Having an API like this (instead of the more canonical 'singleton' API) means that you can for example create an instance of this class on the stack if you want to (provided you don't try to create more than one of it).
The external constraint of the c library dictates that when your callback is called you don't have the identification of the "owning" instance of the callback. Therefore I think that your approach is correct.

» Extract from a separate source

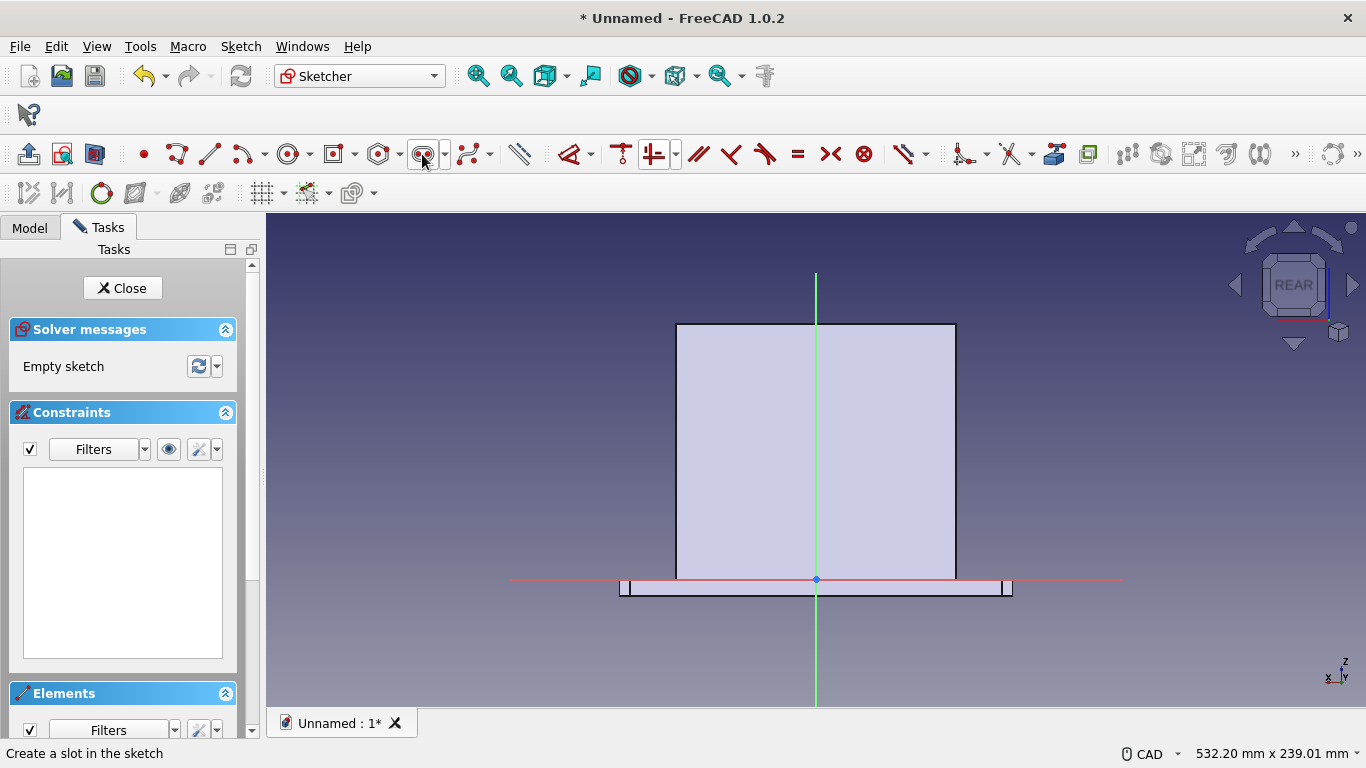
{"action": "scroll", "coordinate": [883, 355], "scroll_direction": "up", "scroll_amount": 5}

I would suggest to declare the callbackDispatch method a static member of the class, and make the class itself a singleton (there are lots of examples of how to implement a singleton). This will let you implement similar classes for other libraries.
Dani beat me to the answer, but one other idea is that you could have a messaging system where the call back function dispatch the results to all or some of the instances of your class. If there isn't a clean way to figure out which instance is supposed to get the results, then just let the ones that don't need it ignore the results.
Of course this has the problem of performance if you have a lot of instances, and you have to iterate through the entire list.
The problem the way I see it is that because your method is not static, you can very easily end up having an internal state in a function that isn't supposed to have one, which, because there's a single instance on the top of the file, can be carried over between invocations, which is a -really- bad thing (tm). At the very least, as Dani suggested above, whatever methods you're calling from inside your C callback would have to be static so that you guarantee no residual state is left from an invocation of your callback.
The above assumes you have static LibrarySupportClass* _inst_ptr declared at the very top. As an alternative, consider having a factory function which will create working copies of your LibrarySupportClass on demand from a pool. These copies can then return to the pool after you're done with them and be recycled, so that you don't go around creating an instance every time you need that functionality.
This way you can have your objects keep state during a single callback invocation, since there's going to be a clear point where your instance is released and gets a green light to be reused. You will also be in a much better position for a multi-threaded environment, in which case each thread gets its own LibrarySupportClass instance.
The problem I've run into is that because this is a C library, I'm required to provide a C-compatible callback of the form int (*)(int, int), but the library doesn't support an extra userdata pointer for these callbacks
Can you elaborate? Is choosing a callback type based on userdata a problem?
Could your callback choose an instance based on a and/or b? If so, then register your library support classes in a global/static map and then have callbackADispatch() look up the correct instance in the map.
Serializing access to the map with a mutex would be a reasonable way to make this thread-safe, but beware: if the library holds any locks when it invokes your callback, then you may have to do something more clever to avoid deadlocks, depending on your lock hierarchy.